■ **TASK DESCRIPTION**
The reply must consist of the complete listing, reproduced exactly, with no images included.

■ **AVAILABLE DATA**
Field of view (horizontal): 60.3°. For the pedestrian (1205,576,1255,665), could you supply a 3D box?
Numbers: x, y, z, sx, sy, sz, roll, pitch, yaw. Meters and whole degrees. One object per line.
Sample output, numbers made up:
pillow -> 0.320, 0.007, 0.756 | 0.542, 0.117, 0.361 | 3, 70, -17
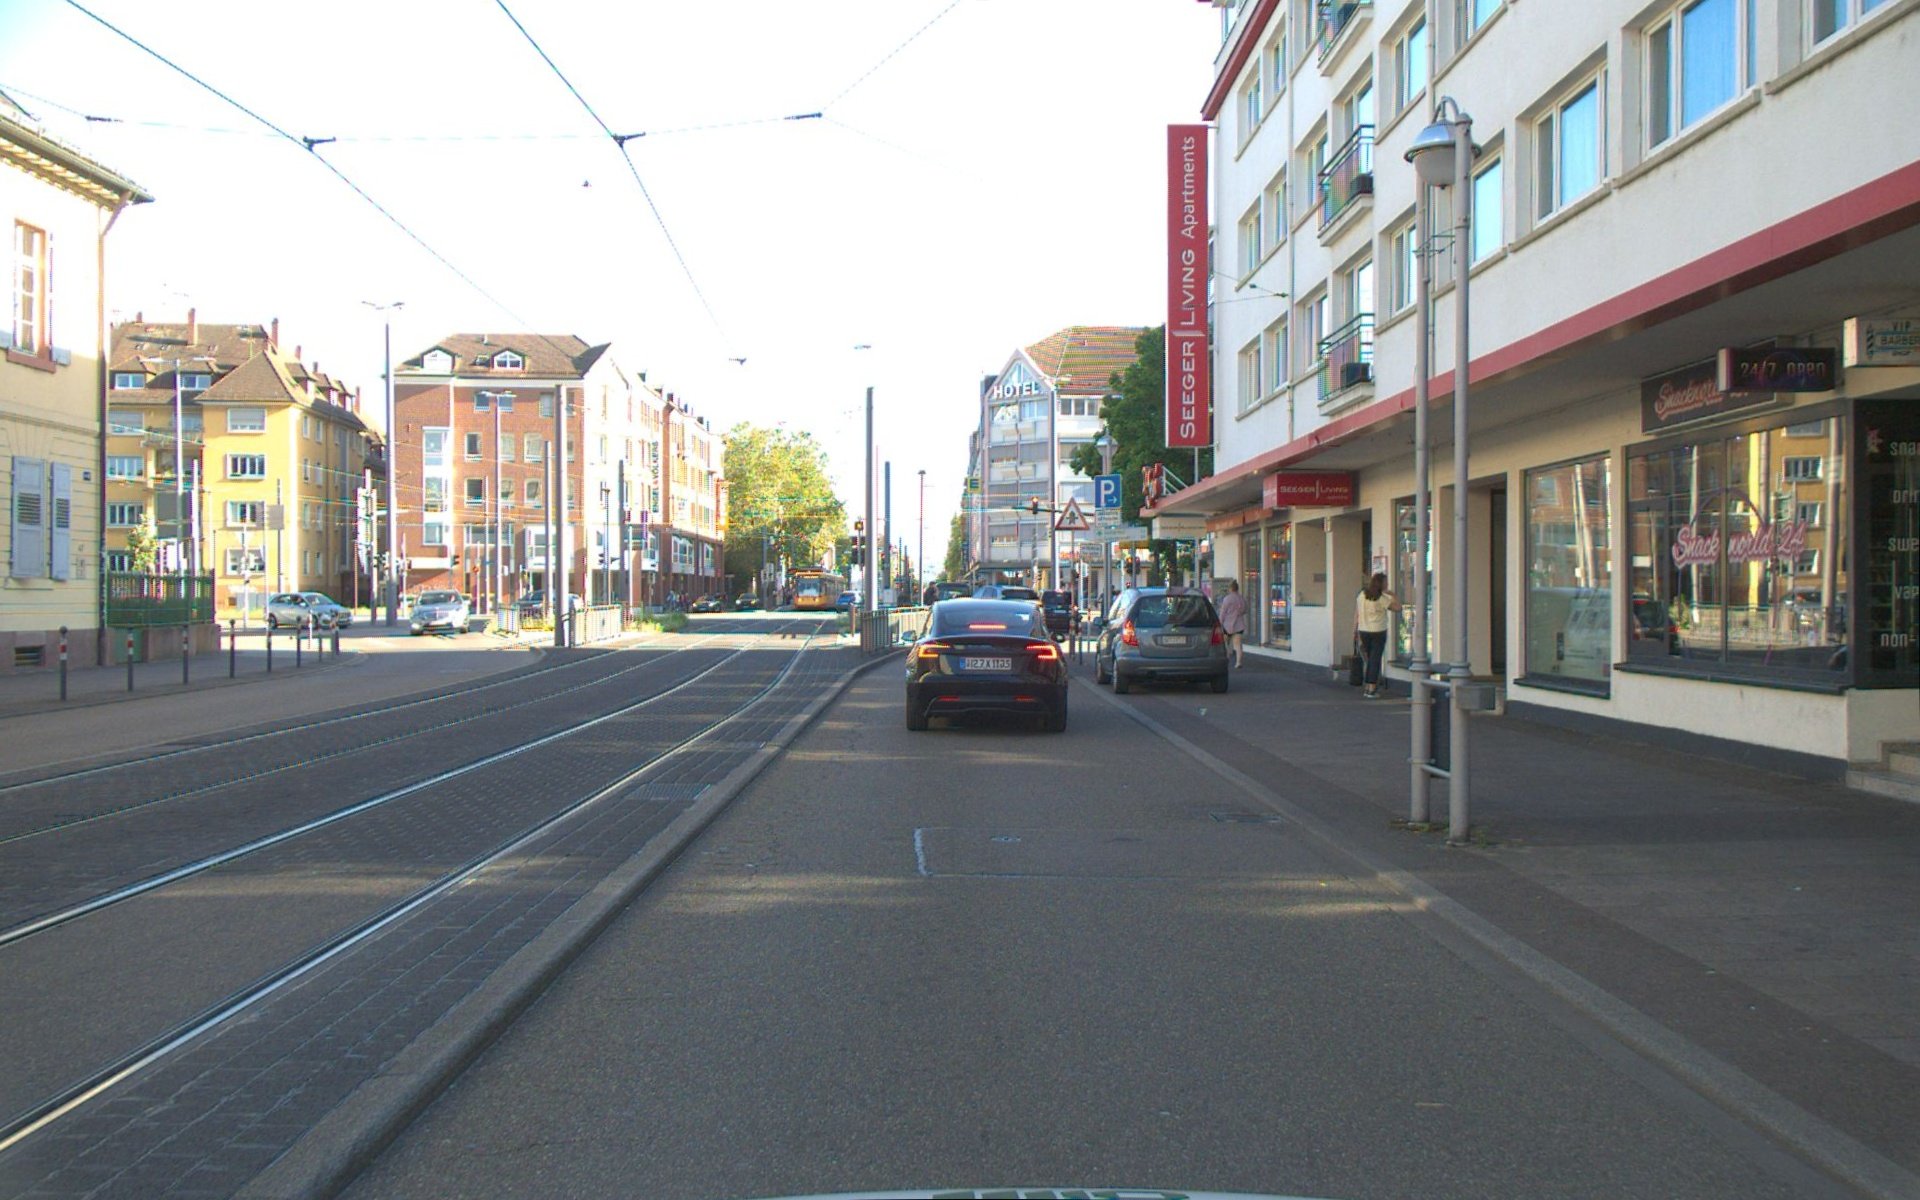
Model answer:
pedestrian -> 5.331, 0.407, 32.650 | 0.800, 1.712, 0.714 | 2, -1, 23

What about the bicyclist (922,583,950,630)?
bicyclist -> -0.795, 0.203, 54.804 | 0.820, 1.526, 0.559 | 2, -1, -8

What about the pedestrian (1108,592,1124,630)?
pedestrian -> 6.752, 0.467, 71.464 | 0.616, 1.642, 0.643 | 1, 0, 3

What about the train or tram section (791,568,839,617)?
train or tram section -> -11.858, -0.545, 136.781 | 2.620, 3.780, 14.191 | 2, 0, 0

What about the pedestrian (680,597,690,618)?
pedestrian -> -22.902, 0.646, 137.723 | 0.698, 1.696, 0.563 | 2, -1, -9

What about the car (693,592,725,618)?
car -> -20.654, 0.405, 136.045 | 1.953, 2.049, 4.000 | 2, 0, 0

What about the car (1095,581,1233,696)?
car -> 3.158, 0.552, 26.244 | 1.709, 1.660, 3.648 | -1, 0, 0

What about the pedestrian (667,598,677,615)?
pedestrian -> -22.997, 0.505, 131.915 | 0.682, 1.331, 0.564 | 0, 0, -2

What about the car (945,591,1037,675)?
car -> 0.560, 0.584, 31.595 | 1.619, 1.443, 4.000 | 2, 1, 0

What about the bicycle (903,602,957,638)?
bicycle -> -1.001, 0.662, 54.750 | 1.696, 1.107, 0.677 | 2, -1, -9

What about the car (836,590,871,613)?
car -> -7.231, 0.120, 112.794 | 1.952, 1.445, 4.001 | 2, 0, 2

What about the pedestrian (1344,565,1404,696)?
pedestrian -> 5.834, 0.420, 23.340 | 0.786, 1.805, 0.933 | 0, -1, 13

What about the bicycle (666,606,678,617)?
bicycle -> -22.999, 0.934, 132.111 | 0.688, 0.870, 2.053 | 0, 0, -1

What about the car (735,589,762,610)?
car -> -17.725, -0.051, 139.026 | 1.715, 1.680, 4.000 | 2, 0, 0

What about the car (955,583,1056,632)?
car -> 1.517, 0.241, 56.820 | 1.761, 1.545, 4.184 | 2, 0, -25

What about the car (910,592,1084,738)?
car -> 0.341, 0.701, 19.454 | 1.811, 1.510, 3.786 | 1, 0, -2

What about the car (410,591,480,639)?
car -> -17.351, 0.484, 55.908 | 1.848, 1.522, 4.913 | -1, 0, -13

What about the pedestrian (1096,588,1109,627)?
pedestrian -> 6.353, 0.344, 73.785 | 0.550, 1.712, 0.750 | 1, 0, 4

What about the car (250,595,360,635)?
car -> -28.971, 0.666, 73.131 | 4.501, 1.583, 1.815 | 2, 0, 24

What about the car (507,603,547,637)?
car -> -20.322, 0.929, 77.682 | 1.734, 1.538, 4.265 | 0, 0, -14

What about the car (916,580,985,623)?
car -> -0.398, 0.055, 65.084 | 1.793, 1.545, 4.204 | 2, 0, -13

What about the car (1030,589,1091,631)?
car -> 3.950, 0.380, 65.517 | 1.789, 1.545, 3.645 | 2, 0, -6

■ **ANSWER SECTION**
Field of view (horizontal): 60.3°. For the pedestrian (1205,576,1255,665), could you supply a 3D box?
Numbers: x, y, z, sx, sy, sz, roll, pitch, yaw. Meters and whole degrees. One object per line.
Sample output, numbers made up:
pillow -> 0.320, 0.007, 0.756 | 0.542, 0.117, 0.361 | 3, 70, -17
Model answer:
pedestrian -> 5.331, 0.407, 32.650 | 0.800, 1.712, 0.714 | 2, -1, 23

What about the bicyclist (922,583,950,630)?
bicyclist -> -0.795, 0.203, 54.804 | 0.820, 1.526, 0.559 | 2, -1, -8

What about the pedestrian (1108,592,1124,630)?
pedestrian -> 6.752, 0.467, 71.464 | 0.616, 1.642, 0.643 | 1, 0, 3

What about the train or tram section (791,568,839,617)?
train or tram section -> -11.858, -0.545, 136.781 | 2.620, 3.780, 14.191 | 2, 0, 0

What about the pedestrian (680,597,690,618)?
pedestrian -> -22.902, 0.646, 137.723 | 0.698, 1.696, 0.563 | 2, -1, -9

What about the car (693,592,725,618)?
car -> -20.654, 0.405, 136.045 | 1.953, 2.049, 4.000 | 2, 0, 0

What about the car (1095,581,1233,696)?
car -> 3.158, 0.552, 26.244 | 1.709, 1.660, 3.648 | -1, 0, 0

What about the pedestrian (667,598,677,615)?
pedestrian -> -22.997, 0.505, 131.915 | 0.682, 1.331, 0.564 | 0, 0, -2

What about the car (945,591,1037,675)?
car -> 0.560, 0.584, 31.595 | 1.619, 1.443, 4.000 | 2, 1, 0

What about the bicycle (903,602,957,638)?
bicycle -> -1.001, 0.662, 54.750 | 1.696, 1.107, 0.677 | 2, -1, -9

What about the car (836,590,871,613)?
car -> -7.231, 0.120, 112.794 | 1.952, 1.445, 4.001 | 2, 0, 2

What about the pedestrian (1344,565,1404,696)?
pedestrian -> 5.834, 0.420, 23.340 | 0.786, 1.805, 0.933 | 0, -1, 13

What about the bicycle (666,606,678,617)?
bicycle -> -22.999, 0.934, 132.111 | 0.688, 0.870, 2.053 | 0, 0, -1

What about the car (735,589,762,610)?
car -> -17.725, -0.051, 139.026 | 1.715, 1.680, 4.000 | 2, 0, 0

What about the car (955,583,1056,632)?
car -> 1.517, 0.241, 56.820 | 1.761, 1.545, 4.184 | 2, 0, -25

What about the car (910,592,1084,738)?
car -> 0.341, 0.701, 19.454 | 1.811, 1.510, 3.786 | 1, 0, -2

What about the car (410,591,480,639)?
car -> -17.351, 0.484, 55.908 | 1.848, 1.522, 4.913 | -1, 0, -13

What about the pedestrian (1096,588,1109,627)?
pedestrian -> 6.353, 0.344, 73.785 | 0.550, 1.712, 0.750 | 1, 0, 4

What about the car (250,595,360,635)?
car -> -28.971, 0.666, 73.131 | 4.501, 1.583, 1.815 | 2, 0, 24

What about the car (507,603,547,637)?
car -> -20.322, 0.929, 77.682 | 1.734, 1.538, 4.265 | 0, 0, -14

What about the car (916,580,985,623)?
car -> -0.398, 0.055, 65.084 | 1.793, 1.545, 4.204 | 2, 0, -13

What about the car (1030,589,1091,631)?
car -> 3.950, 0.380, 65.517 | 1.789, 1.545, 3.645 | 2, 0, -6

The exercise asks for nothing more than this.